Don’t be surprised, in addition to the kit, there are also variables in use - there is no difference here.

From the 3rd equation we express it and substitute it into the 1st and 2nd equations:

From both equations it follows:

Let then:

2-3) For multiple values ​​we get the system .

Let's write down the matrix of the system and, using elementary transformations, bring it to a stepwise form:

Definition 9.3. Vector X called eigenvector matrices A, if there is such a number λ, that the equality holds: A X= λ X, that is, the result of applying to X linear transformation specified by the matrix A, is the multiplication of this vector by the number λ . The number itself λ called eigenvalue matrices A.

Substituting into formulas (9.3) x` j = λx j , we obtain a system of equations for determining the coordinates of the eigenvector:

. (9.5)

This linear homogeneous system will have a nontrivial solution only if its main determinant is 0 (Cramer's rule). By writing this condition in the form:

we obtain an equation for determining the eigenvalues λ , called characteristic equation. Briefly it can be represented as follows:

| A - λE | = 0, (9.6)

since its left side contains the determinant of the matrix A-λE. Polynomial relative λ | A - λE| called characteristic polynomial matrices A.

Properties of the characteristic polynomial:

1) The characteristic polynomial of a linear transformation does not depend on the choice of basis. Proof. (see (9.4)), but hence, . Thus, it does not depend on the choice of basis. This means that | A-λE| does not change when moving to a new basis.

2) If the matrix A linear transformation is symmetrical(those. and ij =a ji), then all roots of the characteristic equation (9.6) are real numbers.

Properties of eigenvalues ​​and eigenvectors:

1) If you choose a basis from the eigenvectors x 1, x 2, x 3 , corresponding to the eigenvalues λ 1, λ 2, λ 3 matrices A, then in this basis linear transformation A has a diagonal matrix:

(9.7) The proof of this property follows from the definition of eigenvectors.

2) If the eigenvalues ​​of the transformation A are different, then their corresponding eigenvectors are linearly independent.

3) If the characteristic polynomial of the matrix A has three various roots, then in some basis the matrix A has a diagonal appearance.

Let's find the eigenvalues ​​and eigenvectors of the matrix Let's create a characteristic equation: (1- λ )(5 - λ )(1 - λ ) + 6 - 9(5 - λ ) - (1 - λ ) - (1 - λ ) = 0, λ ³ - 7 λ ² + 36 = 0, λ 1 = -2, λ 2 = 3, λ 3 = 6.

Let's find the coordinates of the eigenvectors corresponding to each found value λ. From (9.5) it follows that if X (1) ={x 1 ,x 2 ,x 3) – eigenvector corresponding λ 1 =-2, then

- joint, but uncertain system. Its solution can be written in the form X (1) ={a,0,-a), where a is any number. In particular, if we require that | x (1) |=1, X (1) =

Substituting into system (9.5) λ 2 =3, we obtain a system for determining the coordinates of the second eigenvector - x (2) ={y 1 ,y 2 ,y 3}:

, where X (2) ={b,-b,b) or, provided | x (2) |=1, x (2) =

For λ 3 = 6 find the eigenvector x (3) ={z 1 , z 2 , z 3}:

, x (3) ={c,2c,c) or in the normalized version

x (3) = It can be noticed that X (1) X (2) = ab–ab= 0, x (1) x (3) = ac-ac= 0, x (2) x (3) = bc- 2bc + bc= 0. Thus, the eigenvectors of this matrix are pairwise orthogonal.

Lecture 10.

Quadratic forms and their connection with symmetric matrices. Properties of eigenvectors and eigenvalues ​​of a symmetric matrix.
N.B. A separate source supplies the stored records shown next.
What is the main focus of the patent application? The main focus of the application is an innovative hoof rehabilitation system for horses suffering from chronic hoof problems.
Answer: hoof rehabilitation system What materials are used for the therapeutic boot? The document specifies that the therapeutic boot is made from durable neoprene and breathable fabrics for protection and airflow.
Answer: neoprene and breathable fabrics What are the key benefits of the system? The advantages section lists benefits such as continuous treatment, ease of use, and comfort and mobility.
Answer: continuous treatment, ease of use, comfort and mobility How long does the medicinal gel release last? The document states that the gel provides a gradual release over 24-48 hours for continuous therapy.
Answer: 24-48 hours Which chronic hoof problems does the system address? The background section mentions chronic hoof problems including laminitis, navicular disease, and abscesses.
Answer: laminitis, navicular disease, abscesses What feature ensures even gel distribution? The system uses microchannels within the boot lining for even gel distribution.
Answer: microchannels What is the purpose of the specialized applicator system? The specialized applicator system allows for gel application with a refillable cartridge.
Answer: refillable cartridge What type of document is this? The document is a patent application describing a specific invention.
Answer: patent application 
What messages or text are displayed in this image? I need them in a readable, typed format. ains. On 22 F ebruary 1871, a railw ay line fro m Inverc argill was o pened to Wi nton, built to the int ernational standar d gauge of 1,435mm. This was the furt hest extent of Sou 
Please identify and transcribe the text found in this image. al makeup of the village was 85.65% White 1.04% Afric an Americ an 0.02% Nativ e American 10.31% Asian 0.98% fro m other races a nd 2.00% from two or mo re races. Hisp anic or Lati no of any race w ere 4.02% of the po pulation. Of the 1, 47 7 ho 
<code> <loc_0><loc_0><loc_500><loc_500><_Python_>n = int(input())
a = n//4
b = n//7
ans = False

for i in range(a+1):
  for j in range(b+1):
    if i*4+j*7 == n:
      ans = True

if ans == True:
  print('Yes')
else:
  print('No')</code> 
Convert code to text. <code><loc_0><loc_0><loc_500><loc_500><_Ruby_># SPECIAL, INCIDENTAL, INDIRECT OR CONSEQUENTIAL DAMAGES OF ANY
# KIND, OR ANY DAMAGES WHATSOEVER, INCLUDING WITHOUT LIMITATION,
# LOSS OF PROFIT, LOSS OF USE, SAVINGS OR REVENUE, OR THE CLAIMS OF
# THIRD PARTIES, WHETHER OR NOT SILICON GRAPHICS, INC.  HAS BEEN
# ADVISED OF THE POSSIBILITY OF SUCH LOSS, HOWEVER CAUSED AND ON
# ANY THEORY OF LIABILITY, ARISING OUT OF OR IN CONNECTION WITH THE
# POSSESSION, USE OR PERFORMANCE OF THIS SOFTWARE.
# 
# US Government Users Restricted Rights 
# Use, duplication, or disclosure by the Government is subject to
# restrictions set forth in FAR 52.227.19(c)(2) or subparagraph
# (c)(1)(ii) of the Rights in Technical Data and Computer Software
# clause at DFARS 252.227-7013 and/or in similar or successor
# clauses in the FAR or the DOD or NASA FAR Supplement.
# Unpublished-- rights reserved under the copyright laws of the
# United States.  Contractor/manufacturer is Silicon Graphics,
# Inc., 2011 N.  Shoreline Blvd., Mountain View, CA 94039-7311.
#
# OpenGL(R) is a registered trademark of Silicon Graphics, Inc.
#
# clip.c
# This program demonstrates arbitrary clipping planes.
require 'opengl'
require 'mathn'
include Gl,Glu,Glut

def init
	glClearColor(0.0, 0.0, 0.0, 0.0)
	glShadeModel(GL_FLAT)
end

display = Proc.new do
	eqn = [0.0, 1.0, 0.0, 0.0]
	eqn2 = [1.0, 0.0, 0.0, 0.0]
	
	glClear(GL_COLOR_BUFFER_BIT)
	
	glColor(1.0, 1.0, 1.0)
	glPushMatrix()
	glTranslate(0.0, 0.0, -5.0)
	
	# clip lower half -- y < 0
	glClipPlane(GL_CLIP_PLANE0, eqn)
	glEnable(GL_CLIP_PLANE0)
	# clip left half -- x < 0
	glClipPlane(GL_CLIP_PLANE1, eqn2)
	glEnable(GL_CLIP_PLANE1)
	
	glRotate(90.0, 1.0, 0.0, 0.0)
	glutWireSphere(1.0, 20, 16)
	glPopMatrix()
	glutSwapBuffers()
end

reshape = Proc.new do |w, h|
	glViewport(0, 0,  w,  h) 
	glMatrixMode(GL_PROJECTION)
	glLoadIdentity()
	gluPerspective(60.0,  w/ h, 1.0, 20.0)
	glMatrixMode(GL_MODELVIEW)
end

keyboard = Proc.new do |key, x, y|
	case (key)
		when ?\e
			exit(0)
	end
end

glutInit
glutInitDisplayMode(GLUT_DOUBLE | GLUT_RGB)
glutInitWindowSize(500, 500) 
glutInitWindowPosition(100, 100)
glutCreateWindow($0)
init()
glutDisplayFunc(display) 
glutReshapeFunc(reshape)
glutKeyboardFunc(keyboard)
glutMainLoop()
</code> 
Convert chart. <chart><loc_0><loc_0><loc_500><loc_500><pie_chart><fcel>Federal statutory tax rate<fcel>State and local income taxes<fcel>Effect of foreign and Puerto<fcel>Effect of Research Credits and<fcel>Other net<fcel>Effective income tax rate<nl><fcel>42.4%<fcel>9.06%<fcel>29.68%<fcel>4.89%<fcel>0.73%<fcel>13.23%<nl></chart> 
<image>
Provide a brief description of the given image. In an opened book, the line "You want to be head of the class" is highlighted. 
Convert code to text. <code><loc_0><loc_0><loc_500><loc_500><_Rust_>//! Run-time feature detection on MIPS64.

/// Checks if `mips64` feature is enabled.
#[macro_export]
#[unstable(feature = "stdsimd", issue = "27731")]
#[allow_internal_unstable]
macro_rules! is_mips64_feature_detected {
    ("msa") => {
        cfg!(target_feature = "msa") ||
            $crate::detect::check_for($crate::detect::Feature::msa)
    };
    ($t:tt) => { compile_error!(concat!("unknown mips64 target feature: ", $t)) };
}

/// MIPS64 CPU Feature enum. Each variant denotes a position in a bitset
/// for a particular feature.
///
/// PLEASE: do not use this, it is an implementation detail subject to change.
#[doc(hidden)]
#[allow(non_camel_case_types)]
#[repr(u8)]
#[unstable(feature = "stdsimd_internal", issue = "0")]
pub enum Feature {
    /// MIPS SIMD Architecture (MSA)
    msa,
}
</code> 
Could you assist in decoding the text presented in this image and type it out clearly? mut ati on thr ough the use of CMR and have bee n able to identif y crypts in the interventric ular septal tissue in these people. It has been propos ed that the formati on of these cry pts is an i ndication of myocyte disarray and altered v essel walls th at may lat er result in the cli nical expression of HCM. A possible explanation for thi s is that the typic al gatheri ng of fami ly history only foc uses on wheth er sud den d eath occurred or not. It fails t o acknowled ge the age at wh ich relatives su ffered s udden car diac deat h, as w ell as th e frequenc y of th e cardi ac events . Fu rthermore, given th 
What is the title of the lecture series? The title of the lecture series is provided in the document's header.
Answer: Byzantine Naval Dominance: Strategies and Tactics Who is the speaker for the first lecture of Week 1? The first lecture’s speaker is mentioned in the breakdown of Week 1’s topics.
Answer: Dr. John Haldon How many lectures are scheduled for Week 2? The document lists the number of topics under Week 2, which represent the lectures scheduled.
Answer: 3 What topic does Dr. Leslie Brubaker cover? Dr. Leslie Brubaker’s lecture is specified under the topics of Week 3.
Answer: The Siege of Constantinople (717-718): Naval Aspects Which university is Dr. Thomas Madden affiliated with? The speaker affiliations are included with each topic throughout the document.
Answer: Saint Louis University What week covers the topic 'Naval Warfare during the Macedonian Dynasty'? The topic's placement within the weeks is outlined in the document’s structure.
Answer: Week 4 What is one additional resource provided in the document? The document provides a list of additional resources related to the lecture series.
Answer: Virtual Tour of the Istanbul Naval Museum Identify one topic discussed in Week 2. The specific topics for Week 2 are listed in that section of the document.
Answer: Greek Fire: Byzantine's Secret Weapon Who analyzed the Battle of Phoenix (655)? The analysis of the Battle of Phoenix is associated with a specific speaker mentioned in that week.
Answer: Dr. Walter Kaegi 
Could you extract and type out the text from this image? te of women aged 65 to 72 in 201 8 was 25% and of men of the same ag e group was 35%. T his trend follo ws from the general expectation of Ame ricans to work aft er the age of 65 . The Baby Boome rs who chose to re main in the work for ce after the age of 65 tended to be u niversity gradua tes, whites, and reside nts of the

Reducing a quadratic form to canonical form.

Definition 10.1.Quadratic shape real variables x 1, x 2,…, x n is called a polynomial of the second degree in these variables that does not contain a free term and terms of the first degree.

Examples quadratic forms:

(n = 2),

(n = 3). (10.1)

Let us recall the definition of a symmetric matrix given in the last lecture:

Definition 10.2. Square matrix called symmetrical, if , that is, if the matrix elements that are symmetrical about the main diagonal are equal.

Properties of eigenvalues ​​and eigenvectors of a symmetric matrix:

1) All eigenvalues ​​of a symmetric matrix are real.

Proof (for n = 2).

Let the matrix A has the form: . Let's create a characteristic equation:

(10.2) Let’s find the discriminant:

Therefore, the equation has only real roots.

2) The eigenvectors of a symmetric matrix are orthogonal.

Proof (for n= 2).

The coordinates of the eigenvectors and must satisfy the equations.